Astronomer Cosmos
Astronomer Cosmos is an open-source Python library that seamlessly integrates dbt (data build tool) Core projects with Apache Airflow. It allows users to orchestrate dbt models as native Airflow DAGs and Task Groups, providing enhanced observability, retries, and test execution directly within the Airflow UI. The library is actively maintained with frequent releases, evolving to support new dbt features like Fusion and various execution modes for optimal performance.
Warnings
- breaking Cosmos v1.14.0 (alpha releases) drops support for Apache Airflow versions earlier than 2.9.
- gotcha Airflow's `DagBag` import timeout can occur with large dbt projects due to slow manifest parsing, especially when using `ExecutionMode.LOCAL` without a pre-generated `manifest.json`.
- gotcha Dependency conflicts between `dbt-core`/dbt adapters and Airflow packages are common.
- gotcha Cosmos's default dbt test behavior (`TestBehavior.AFTER_EACH`) runs tests immediately after each model, which differs from dbt Core's default of running all tests after all models have completed. This 'fail-fast' approach can sometimes lead to unexpected failures, especially for tests that depend on multiple upstream models.
- gotcha Intermittent `FileNotFoundError: [Errno 2] No such file or directory` errors for `/tmp` files can occur during dbt model run tasks, particularly with `ExecutionMode.LOCAL`.
- gotcha When incorporating dbt snapshots, ensure they are run in a separate `DbtTaskGroup` from dbt models to guarantee the correct execution order.
Install
-
pip install astronomer-cosmos -
pip install 'astronomer-cosmos[dbt-<adapter>]'
Imports
- DbtDag
from cosmos import DbtDag
- DbtTaskGroup
from cosmos import DbtTaskGroup
- ProjectConfig
from cosmos import ProjectConfig
- ProfileConfig
from cosmos import ProfileConfig
- ExecutionConfig
from cosmos import ExecutionConfig
- PostgresUserPasswordProfileMapping
from cosmos.profiles import PostgresUserPasswordProfileMapping
Quickstart
import os
from datetime import datetime
from pathlib import Path
from airflow.models.dag import DAG
from cosmos import DbtDag, ProjectConfig, ProfileConfig, ExecutionConfig
from cosmos.profiles import PostgresUserPasswordProfileMapping
# Define path to your dbt project relative to the DAG file
# For this example, assume a dbt project named 'jaffle_shop' exists in 'dags/dbt/'
# Example structure: dags/my_cosmos_dag.py, dags/dbt/jaffle_shop/dbt_project.yml
DEFAULT_DBT_PROJECT_PATH = Path(__file__).parent / "dbt" / "jaffle_shop"

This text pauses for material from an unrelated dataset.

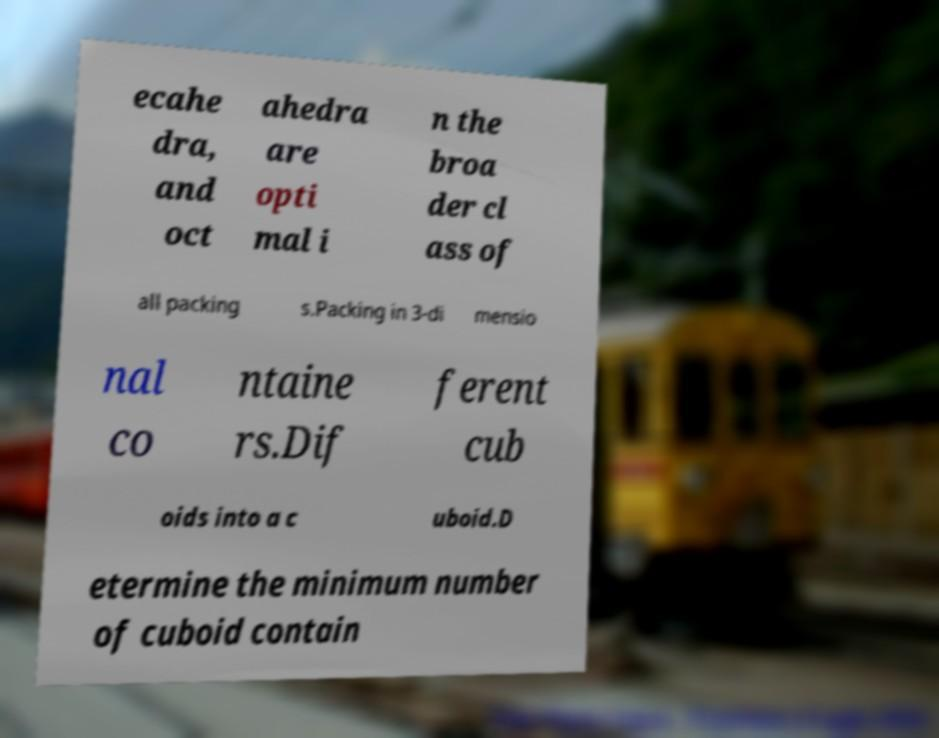I need the written content from this picture converted into text. Can you do that? ecahe dra, and oct ahedra are opti mal i n the broa der cl ass of all packing s.Packing in 3-di mensio nal co ntaine rs.Dif ferent cub oids into a c uboid.D etermine the minimum number of cuboid contain

# Configure your dbt profile to use an Airflow connection
# Replace 'your_airflow_postgres_conn_id' with an actual Airflow connection ID
# and adjust profile_args as needed for your database schema.
profile_config = ProfileConfig(
profile_name="default", # Corresponds to the profile name in your dbt_project.yml
target_name="dev", # Corresponds to the target name in your dbt_project.yml
profile_mapping=PostgresUserPasswordProfileMapping(
conn_id=os.environ.get('AIRFLOW_DB_CONN_ID', 'airflow_db'), # Airflow connection ID
profile_args={"schema": "public"}, # Example schema
),
)
# Configure dbt execution, e.g., to run dbt in a virtual environment.
# Ensure 'dbt_executable_path' points to your dbt virtual environment's executable.
# If dbt is installed in the same environment as Airflow, this might be omitted or set to 'dbt'.
execution_config = ExecutionConfig(
dbt_executable_path=os.environ.get('DBT_EXECUTABLE_PATH', '/opt/airflow/dbt_venv/bin/dbt'),
)
with DAG(
dag_id="cosmos_dbt_example_dag",
schedule_interval="@daily",
start_date=datetime(2023, 1, 1),
catchup=False,
tags=["dbt", "cosmos", "example"],
default_args={
"retries": 2, # Recommended for dbt tasks
},
) as dag:
dbt_project = DbtDag(
project_config=ProjectConfig(
DEFAULT_DBT_PROJECT_PATH,
),
profile_config=profile_config,
execution_config=execution_config,
operator_args={
"install_deps": True, # Install dbt dependencies before run
},
)
# The dbt_project object automatically creates Airflow tasks for your dbt models,
# which can be observed in the Airflow UI with their lineage.
# You can add upstream/downstream Airflow tasks as needed.
# For example, a simple PythonOperator before or after the dbt_project.